Cyberia is set in the near future of 2027, five years after a global economic collapse. The planet is under the control of two opposing superpowers, the Free World Alliance in the west, and the Cartel in the east. Devlin, head of FWA security, receives word that a devastating weapon is being produced in a secret base in Siberia, referred to as the Cyberia Complex. Curious to unravel the mysteries of this weapon, Devlin pardons a cyber-hacker named Zak Kingston and charges him with the task of infiltrating the complex and retrieving intel on the weapon being produced there.

Already informed of Cyberia's secret operations, the Cartel seize control of the complex with the same intentions. Zak is scheduled to rendezvous with an oil rig run by a mercenary group to pick up a TF-22 Transfighter that will ensure his arrival at the complex. The rig is attacked by the Cartel and the mercenaries, sensing betrayal, move to kill Zak by hunting him down and sabotaging his ride. Zak eventually steals the TF-22 and travels through several hostile locales en route to his final destination. Eventually, he reaches the Cyberia Complex and proceeds to thwart the Cartel's analysis efforts.
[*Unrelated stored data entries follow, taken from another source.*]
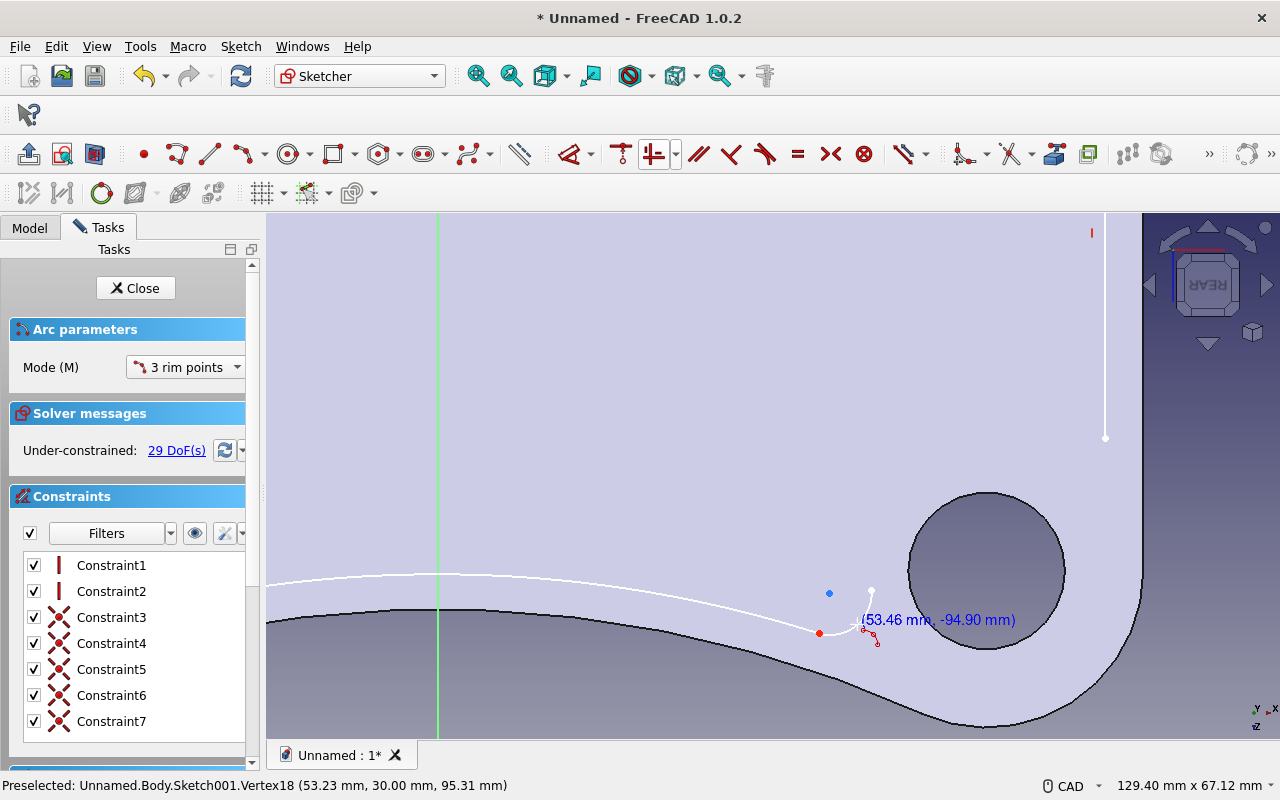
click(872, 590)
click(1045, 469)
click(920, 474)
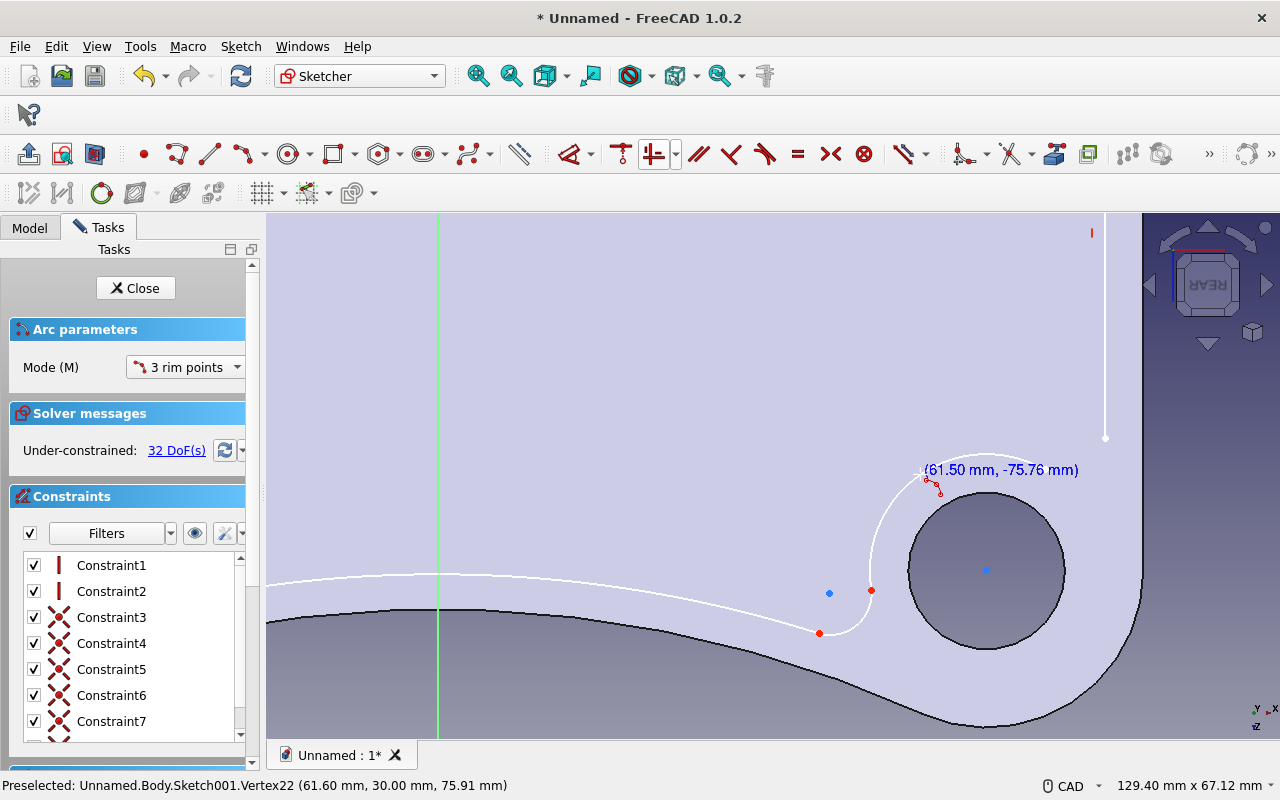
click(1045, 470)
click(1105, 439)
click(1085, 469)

While exploring the complex, Zak is also forced to deal with the Cyberia scientists' experimental virus and Nanites. After purging all threats from the complex, Zak uncovers the Cyberion, an artificial life form that has achieved sentience deep within the complex. He is then contacted by Devlin, who informs him that the cyber-hacker himself has been a weapon this whole time; he had implanted an highly explosive device into Zak's brain, set to detonate upon reaching the Cyberion in order to destroy it. However, the Cyberion promises that it can neutralize the bomb if Zak merges with it. Seeing no other choice, he does just that, becoming a powerful hybrid.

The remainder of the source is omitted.